Carbon Nanotubes (CNTs) are hollow tubular structures wound like a hexagonal network of graphite structure in which C atoms are aggregated under certain conditions. Carbon nanotubes can be viewed as seamless nanoscale cylinders made of single or multiple layers of graphene sheets that are rolled up in a certain degree of helicity. The carbon nano tube has large length-diameter ratio, nano tube diameter and a hollow nano structure, and the unique structures enable the carbon nano tube to have excellent physical and chemical properties and can be used as an excellent composite material reinforced rubber material. In recent years, research in the field of carbon nanotube-rubber has become more and more extensive, for example, carbon nanotube-natural rubber composite materials are prepared by mechanical mixing, organic solvent dissolution, emulsion and the like. However, the carbon nanotubes have a strong surface effect, are easily agglomerated and are unevenly dispersed in a rubber product, so that the structural uniformity of the composite material is poor, and the improvement range of the performance of the composite material is not large, thereby limiting the application range of the composite material. Patent CN201310721595.5 discloses a composite material of carbon nanotubes and rubber prepared by grinding carbon nanotubes and hydroxyl-terminated polybutadiene and mixing with rubber, although the dispersibility of carbon nanotubes in a rubber matrix is improved to a certain extent, the reinforcing effect of carbon nanotubes on rubber is poor, and the tensile strength of the prepared composite material is only 0.14 MPa.

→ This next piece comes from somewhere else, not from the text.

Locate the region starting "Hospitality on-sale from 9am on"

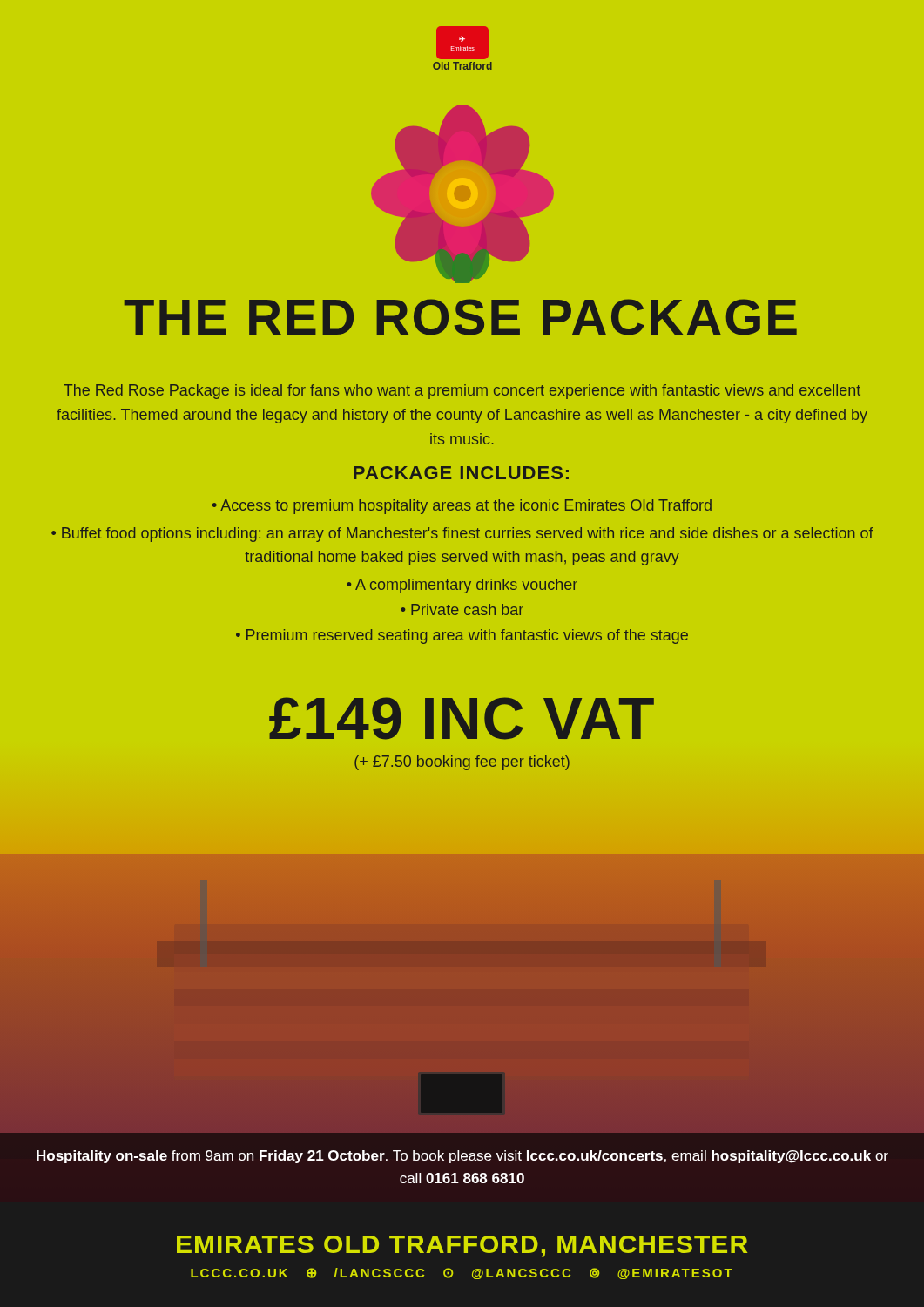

In view of the above problems, the present invention aims to provide a rubber composition resistant to hot oil aging, which has excellent tensile properties, tear properties and hot oil aging resistance, and has a tensile strength of not less than 35 MPa.

Disclosure of Invention

In order to solve the above problems, a first aspect of the present invention provides a rubber composition resistant to hot oil aging, comprising 90 to 110 parts by weight of a rubber component, 6 to 10 parts by weight of a filler, and 1 to 3 parts by weight of a multifunctional coupling agent.

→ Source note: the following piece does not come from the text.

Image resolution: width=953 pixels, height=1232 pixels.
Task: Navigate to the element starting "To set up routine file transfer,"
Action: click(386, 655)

As a preferable technical scheme, the rubber composition comprises 100 parts of rubber component, 8 parts of filler and 2 parts of multifunctional coupling agent in parts by weight.

As a preferable embodiment, the rubber component is at least one selected from the group consisting of natural rubber latex, natural rubber, epoxidized natural rubber latex, epoxidized natural rubber, hydroxyethyl methacrylate rubber latex, and hydroxyethyl methacrylate rubber.

As a preferable technical scheme, the rubber composition resisting the hot oil aging comprises 90-110 parts of rubber component; the rubber component comprises 87-103 parts of natural rubber latex by dry weight and 3-7 parts of hydroxyethyl methacrylate rubber latex by dry weight.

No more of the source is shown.